NON NON LA FAMILLE - Le sens de la famille se perd, en politique. Le sujet, régulièrement polémique, ne serait peut-être pas devenu aussi primordial sans le Penelope Gate et l’affaire Fillon pendant la campagne présidentielle. Toujours est-il qu’après les soupçons d’emploi fictif pesant sur la femme (et les enfants) de l’ancien candidat LR à l’Elysée, Emmanuel Macron, dans sa volonté de moraliser la vie politique, a voulu interdire les emplois familiaux. Mais pas uniquement pour les parlementaires.
Ainsi, interdire l'emploi de collaborateurs familiaux, la mesure phare du projet de loi de moralisation de la vie publique et promesse du candidat Macron, a passé une première étape dans la nuit de mercredi à jeudi, pour les ministres, non sans réserves de certains élus. Dès l'ouverture des discussions sur les deux textes prévoyant d'interdire ces emplois pour les ministres, parlementaires et élus locaux, la ministre de la Justice Nicole Belloubet avait observé que la "pratique, acceptée hier", "ne semble plus tolérable". Et de prévenir que "tout recul en la matière serait très mal perçu". L'interdiction est une "règle éthique et de bon sens, en application depuis 2009 au Parlement européen, mais aussi en Allemagne ou en Italie", notaient récemment d'autres "marcheurs".

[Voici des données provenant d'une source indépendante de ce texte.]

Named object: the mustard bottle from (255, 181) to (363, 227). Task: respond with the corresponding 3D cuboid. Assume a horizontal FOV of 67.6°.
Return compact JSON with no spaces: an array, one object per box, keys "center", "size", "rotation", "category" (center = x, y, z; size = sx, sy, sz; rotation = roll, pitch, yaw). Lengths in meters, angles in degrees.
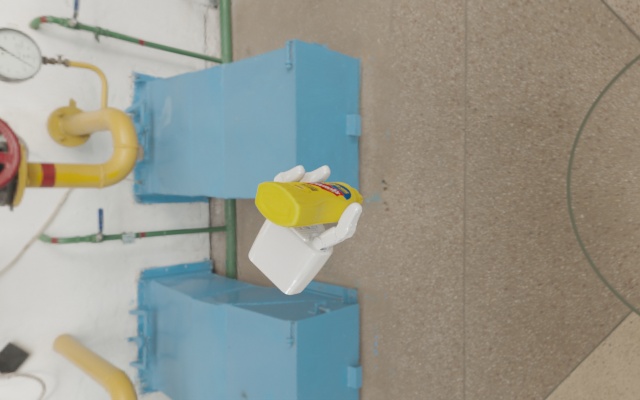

Si, dans l'hémicycle, tous les groupes ont voté le premier volet axé sur les membres du gouvernement, certains députés ont exprimé des critiques sur l'interdiction pour les parlementaires, à venir ce jeudi 27 juillet. La "perte de confiance envers les élus exige sans doute la radicalité", a jugé Annie Genevard (LR), regrettant néanmoins "une action médiatique qui a chauffé à blanc l'opinion". Et Julien Aubert, dans une métaphore qui plaira à François Fillon, de lancer :
"C'est comme la fièvre porcine : un cochon est malade, alors on abat tout le troupeau.
"
Plus modérés, de jeunes LR ont dit comprendre la "nécessité de nettoyer quelques écuries d'Augias".
Au-delà, le sujet touche personnellement certains élus - une centaine de députés sous la dernière législature. François-Michel Lambert, ex-écologiste devenu LREM comptant sa femme dans ses collaborateurs, a ainsi regretté une réforme "sous la pression des médias et de fantasmes sur la probité des élus". Le chef de file des élus LREM Richard Ferrand, qui avait embauché son fils comme collaborateur quelques mois et s'est montré discret dans l'hémicycle sur ce texte jusqu'ici, aurait aussi été "réticent", selon un élu de la majorité.

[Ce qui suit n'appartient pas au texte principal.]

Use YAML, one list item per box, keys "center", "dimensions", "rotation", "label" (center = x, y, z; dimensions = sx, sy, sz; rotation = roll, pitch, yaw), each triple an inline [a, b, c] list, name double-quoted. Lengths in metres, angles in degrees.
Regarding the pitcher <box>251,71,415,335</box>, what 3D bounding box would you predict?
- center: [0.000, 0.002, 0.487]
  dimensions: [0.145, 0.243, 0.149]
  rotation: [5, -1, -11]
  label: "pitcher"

C'est surtout le curseur d'interdiction qui a fait débat. Alors que le Sénat avait vu large sur le cercle familial après un zigzag sur le vote de l'interdiction pour les parlementaires, la commission des Lois a adopté un dispositif à deux niveaux, sur le modèle québécois. Seront interdits les emplois familiaux "pour la famille proche" (conjoint, partenaire de Pacs, concubin, parents et enfants ainsi que ceux du conjoint, partenaire de Pacs ou concubin) sous peine de trois ans de prison et 45.000 euros d'amende. Pour l'emploi de toute autre personne du second cercle (ancienne famille ou hors famille), il y aura une obligation de déclaration, comme en cas d'emploi croisé (embauche d'un collaborateur de la famille d'un autre élu ou ministre). L'Assemblée a voté l'interdiction pour les ministres avec cette retouche, rejetant un amendement gouvernemental pour enlever de la loi l'interdiction, déjà dans un décret récent, mais y laisser les peines.
Les débats pourraient durer jusqu'à vendredi, après de premières séances émaillées de tensions sur le temps de parole et les votes , "rodage" et "forme de bizutage" selon le président de l'Assemblée François de Rugy.